Opinion

Ask the war-fighters

Even before its release, pro-repeal groups and the press have billed the Pentagon’s “Don’t Ask Don’t Tell” study as the preeminent analysis of whether allowing openly gay service members would impact combat effectiveness. It’s no such thing.

According to details that have leaked in advance, the report didn’t even consider the only important question: Would repealing DADT help US troops accomplish their missions?

Any worthwhile review must consider whether repeal would hinder combat effectiveness, unit cohesion, recruitment and retention — yet the Pentagon report avoids these critical questions.

Instead, one main section of the study consists of (unscientific) polling on how troops feel about serving with open homosexuals, while the other just looks at how repeal could be implemented.

Let’s look at the “evidence.” In addition to some focus groups, an anonymous online “drop box” and a survey of military spouses, the Pentagon sent a questionnaire to 400,000 active-duty and reserve troops. Less than 30 percent returned it — and if our troops thought that repeal would help them take a hill, secure a perimeter or survive combat, the response rate wouldn’t have been so low.

Supporters of any existing policy are rarely as energized to offer their opinion as those who want change, so it’s highly likely that the poll overrepresents pro-repeal voices.

And a poll of the entire military isn’t much use. When the issue is how a policy impacts our ability to win wars, greater weight should go to the views of those in the combat arms. The opinion of a clerk who works in an air-conditioned office in the Green Zone just isn’t as relevant as that of a squad leader at a forward operating base.

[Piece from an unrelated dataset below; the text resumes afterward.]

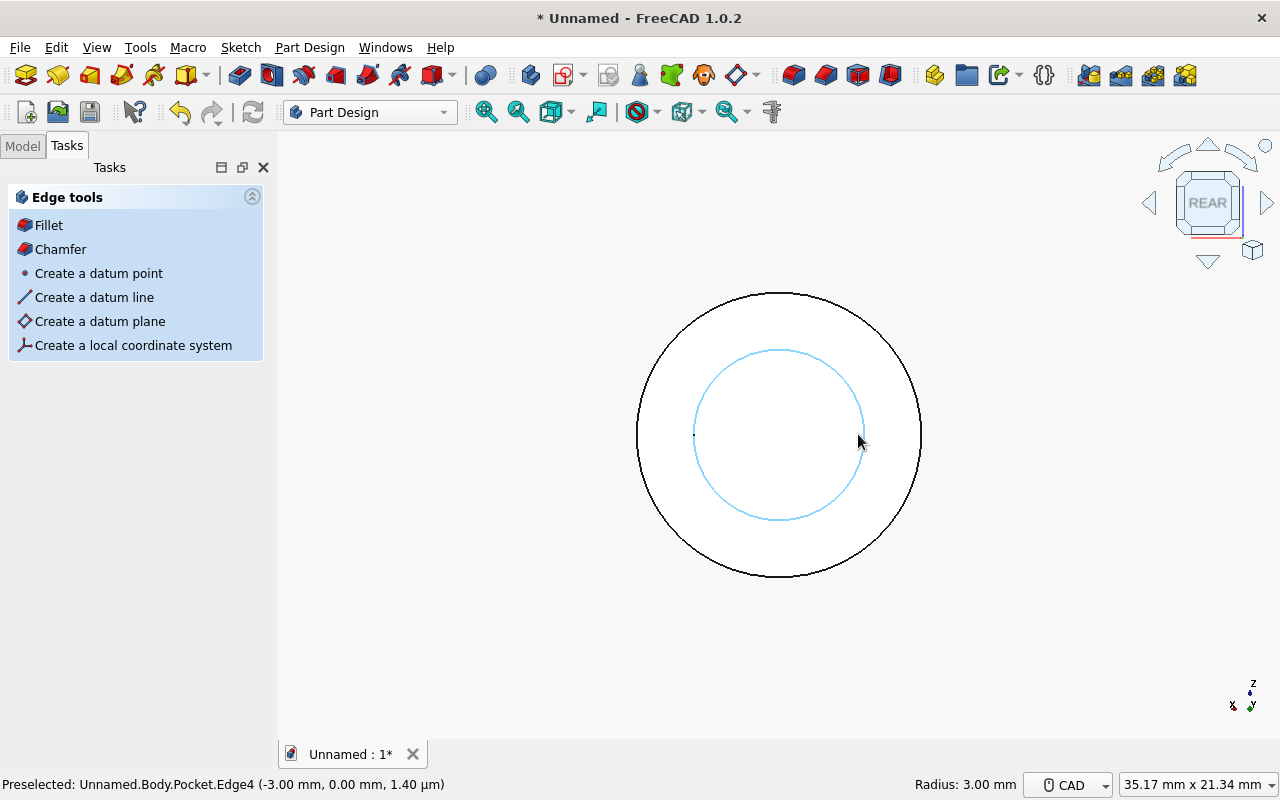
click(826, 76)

Indeed, those serving in infantry, artillery and armor units surely had less opportunity to be surveyed: They’re either in the field training stateside or deployed to the front lines overseas. If the study were serious about analyzing how repeal would affect the military’s capacity to fight, it would have broken the results down by Military Occupational Specialty to allow it to focus on how the war-fighters felt.

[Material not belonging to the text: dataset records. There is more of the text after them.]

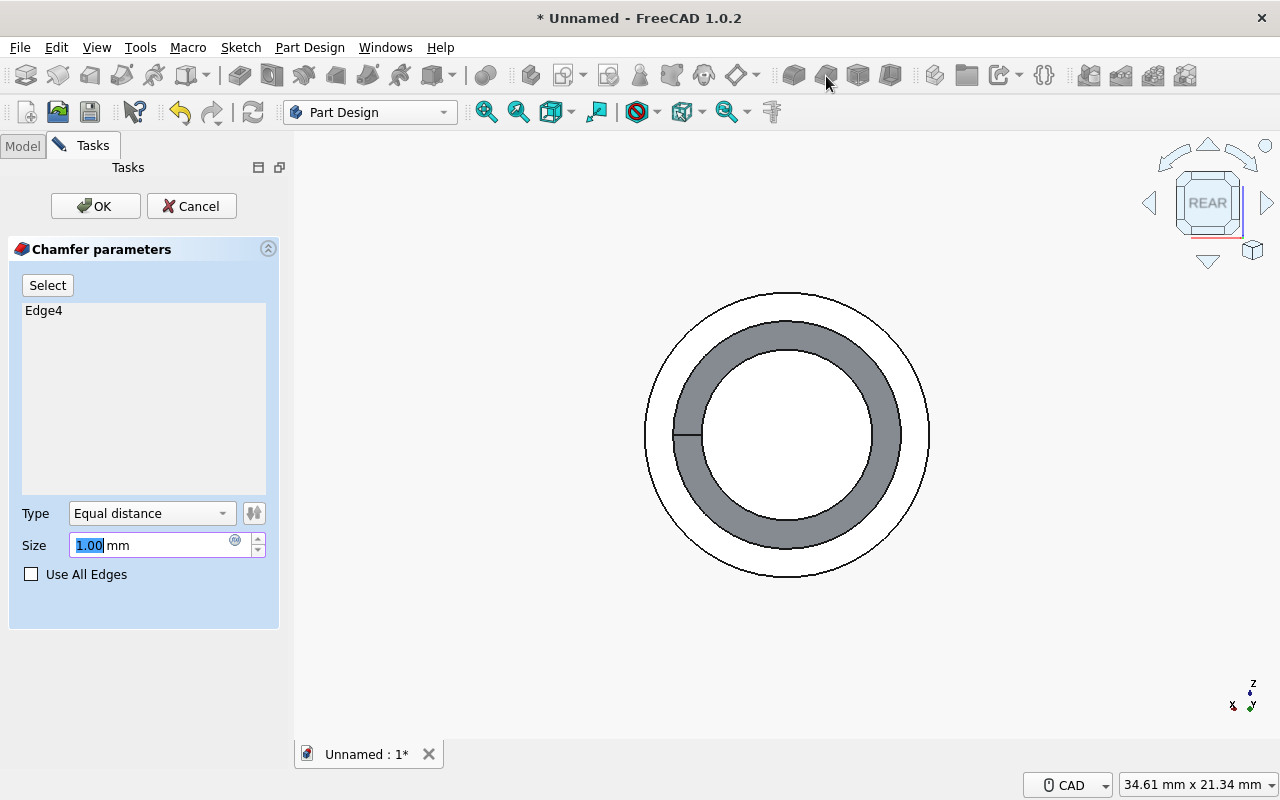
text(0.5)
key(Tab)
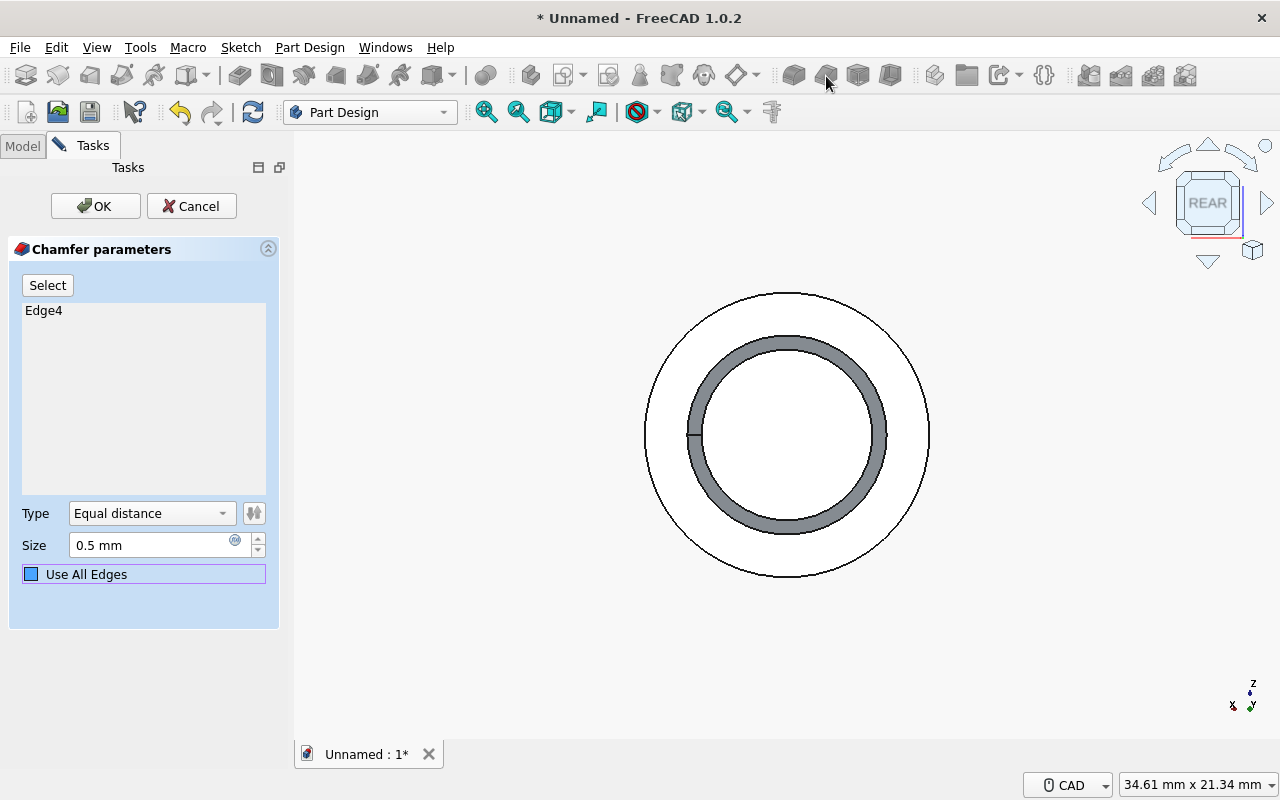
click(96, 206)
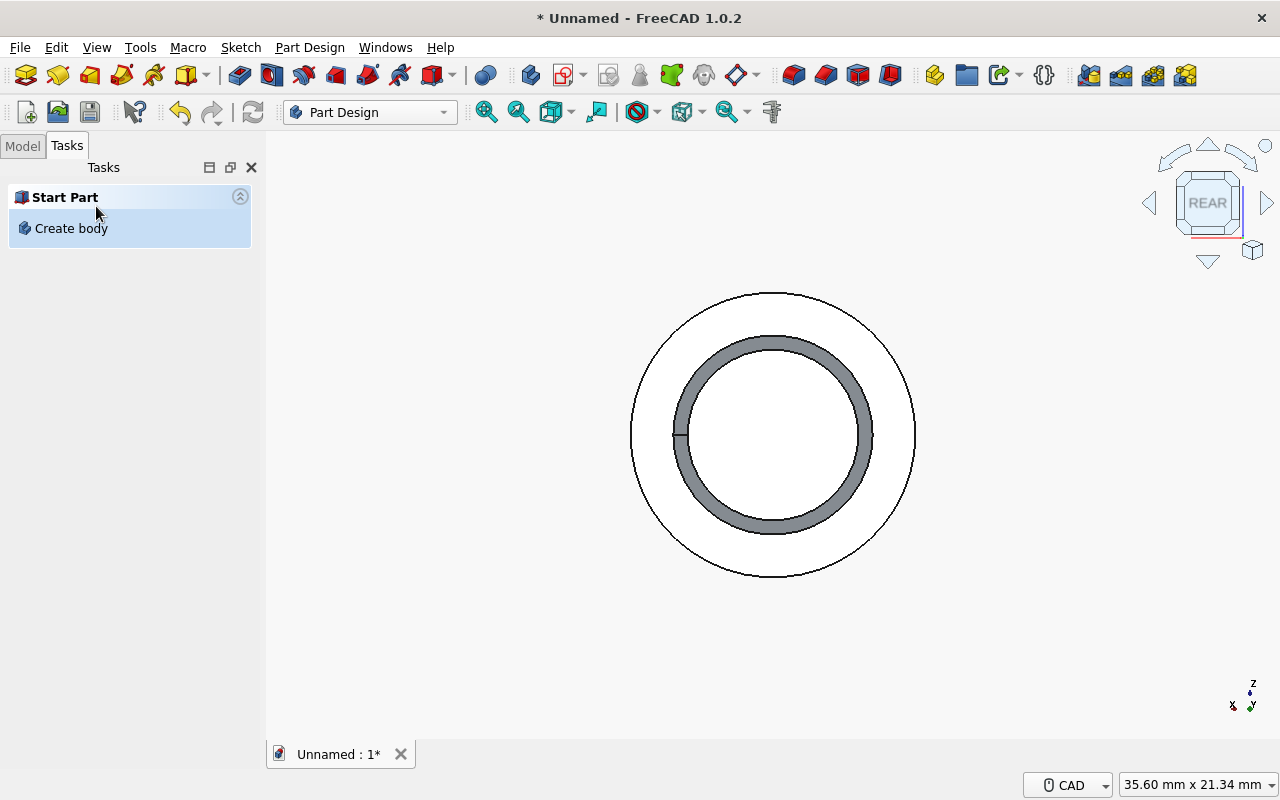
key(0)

Consider: The infantry make up only 4 percent of military personnel, but 81 percent of those killed in action during the War on Terror.

Marines are 11 percent of military personnel but 23 percent of those killed in Iraq and Afghanistan; the Army makes up 50 percent of the military and 73 percent of those killed in action. And the Marines, followed by the Army, are the most opposed to repeal.

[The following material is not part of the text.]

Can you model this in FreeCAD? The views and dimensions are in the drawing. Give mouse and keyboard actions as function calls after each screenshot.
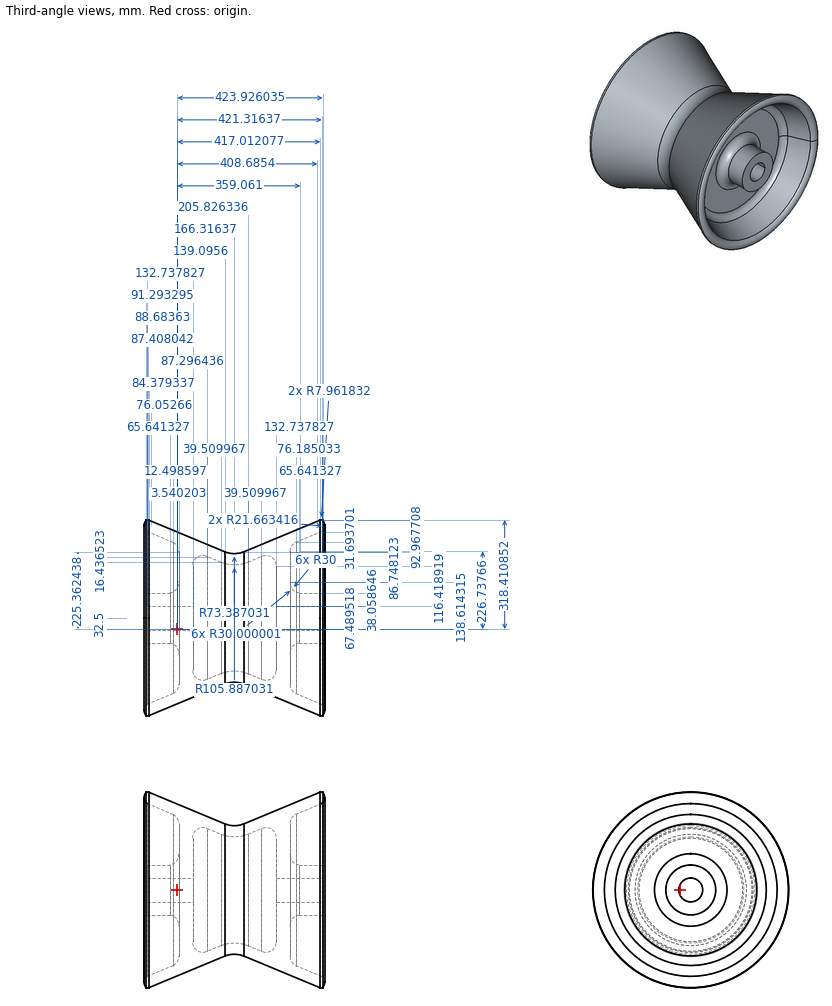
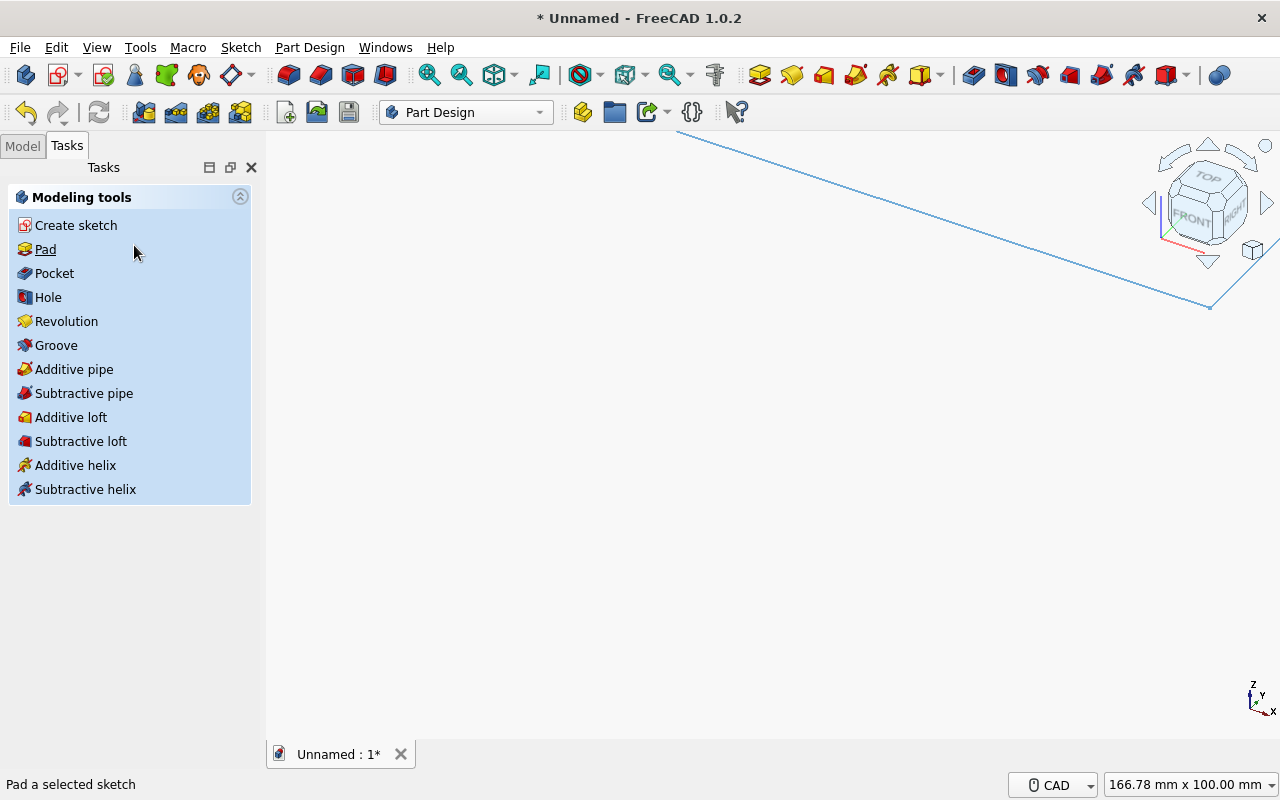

Gen. James Amos, the Marine Corps commandant, and his immediate predecessor have been the most outspoken opponents of repeal, to the point of drawing a public rebuke from Defense Secretary Robert Gates.

“There is nothing more intimate than combat,” said Amos. “When you’re talking infantry, we’re talking our young men laying out, sleeping alongside of one another and sharing death and fear and the loss of their brothers.”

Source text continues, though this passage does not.